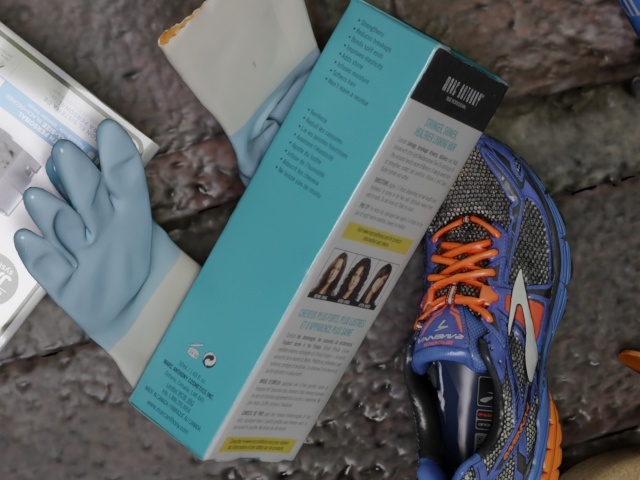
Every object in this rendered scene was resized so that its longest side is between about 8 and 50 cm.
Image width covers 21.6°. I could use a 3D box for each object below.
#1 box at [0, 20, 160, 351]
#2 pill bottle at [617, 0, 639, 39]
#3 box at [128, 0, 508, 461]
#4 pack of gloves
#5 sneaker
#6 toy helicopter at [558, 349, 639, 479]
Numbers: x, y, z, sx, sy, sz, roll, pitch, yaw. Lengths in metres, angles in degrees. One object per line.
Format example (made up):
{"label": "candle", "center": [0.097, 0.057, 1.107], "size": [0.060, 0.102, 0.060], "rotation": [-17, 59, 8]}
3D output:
+ + + + + + +
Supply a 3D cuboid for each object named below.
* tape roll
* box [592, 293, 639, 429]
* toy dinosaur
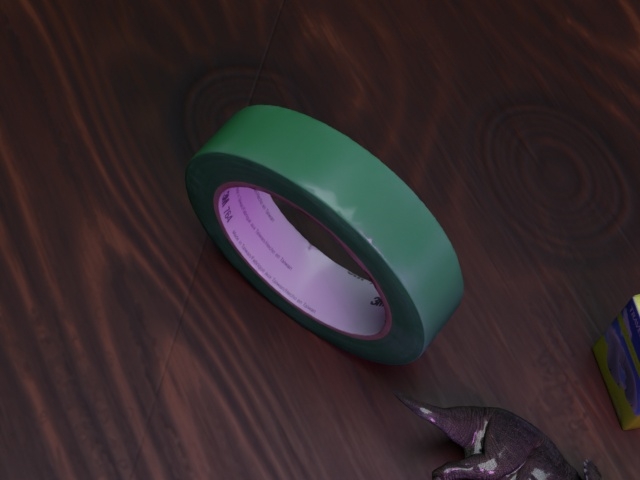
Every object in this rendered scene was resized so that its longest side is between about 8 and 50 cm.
+ + + + + + +
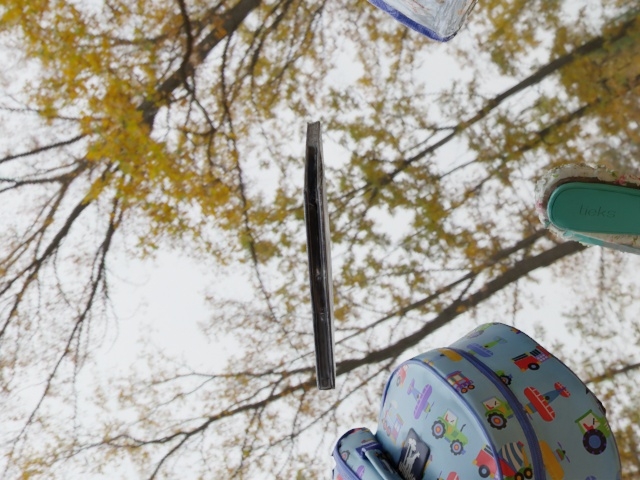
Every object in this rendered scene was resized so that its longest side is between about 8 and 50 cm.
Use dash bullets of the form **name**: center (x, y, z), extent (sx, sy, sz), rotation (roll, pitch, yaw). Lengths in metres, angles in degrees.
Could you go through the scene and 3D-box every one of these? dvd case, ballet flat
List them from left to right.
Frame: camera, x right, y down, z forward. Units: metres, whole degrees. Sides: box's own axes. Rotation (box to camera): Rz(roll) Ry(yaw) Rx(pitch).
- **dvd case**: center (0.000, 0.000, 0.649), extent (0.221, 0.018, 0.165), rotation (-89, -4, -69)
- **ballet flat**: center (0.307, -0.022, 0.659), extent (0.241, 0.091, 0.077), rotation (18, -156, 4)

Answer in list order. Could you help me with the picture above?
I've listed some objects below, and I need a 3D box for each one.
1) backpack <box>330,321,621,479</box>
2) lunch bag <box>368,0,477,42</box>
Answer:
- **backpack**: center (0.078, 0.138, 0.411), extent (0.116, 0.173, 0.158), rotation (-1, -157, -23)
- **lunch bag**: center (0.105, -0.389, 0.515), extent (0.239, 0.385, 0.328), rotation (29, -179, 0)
+ + + + + + +
About this task:
The required output is every line above from the one with "Frame: camera, x" down to the one with "I've listed some", restated word for word, ends included.

Response box:
Frame: camera, x right, y down, z forward. Units: metres, whole degrees. Sides: box's own axes. Rotation (box to camera): Rz(roll) Ry(yaw) Rx(pitch).
- **dvd case**: center (0.000, 0.000, 0.649), extent (0.221, 0.018, 0.165), rotation (-89, -4, -69)
- **ballet flat**: center (0.307, -0.022, 0.659), extent (0.241, 0.091, 0.077), rotation (18, -156, 4)

Answer in list order. Could you help me with the picture above?
I've listed some objects below, and I need a 3D box for each one.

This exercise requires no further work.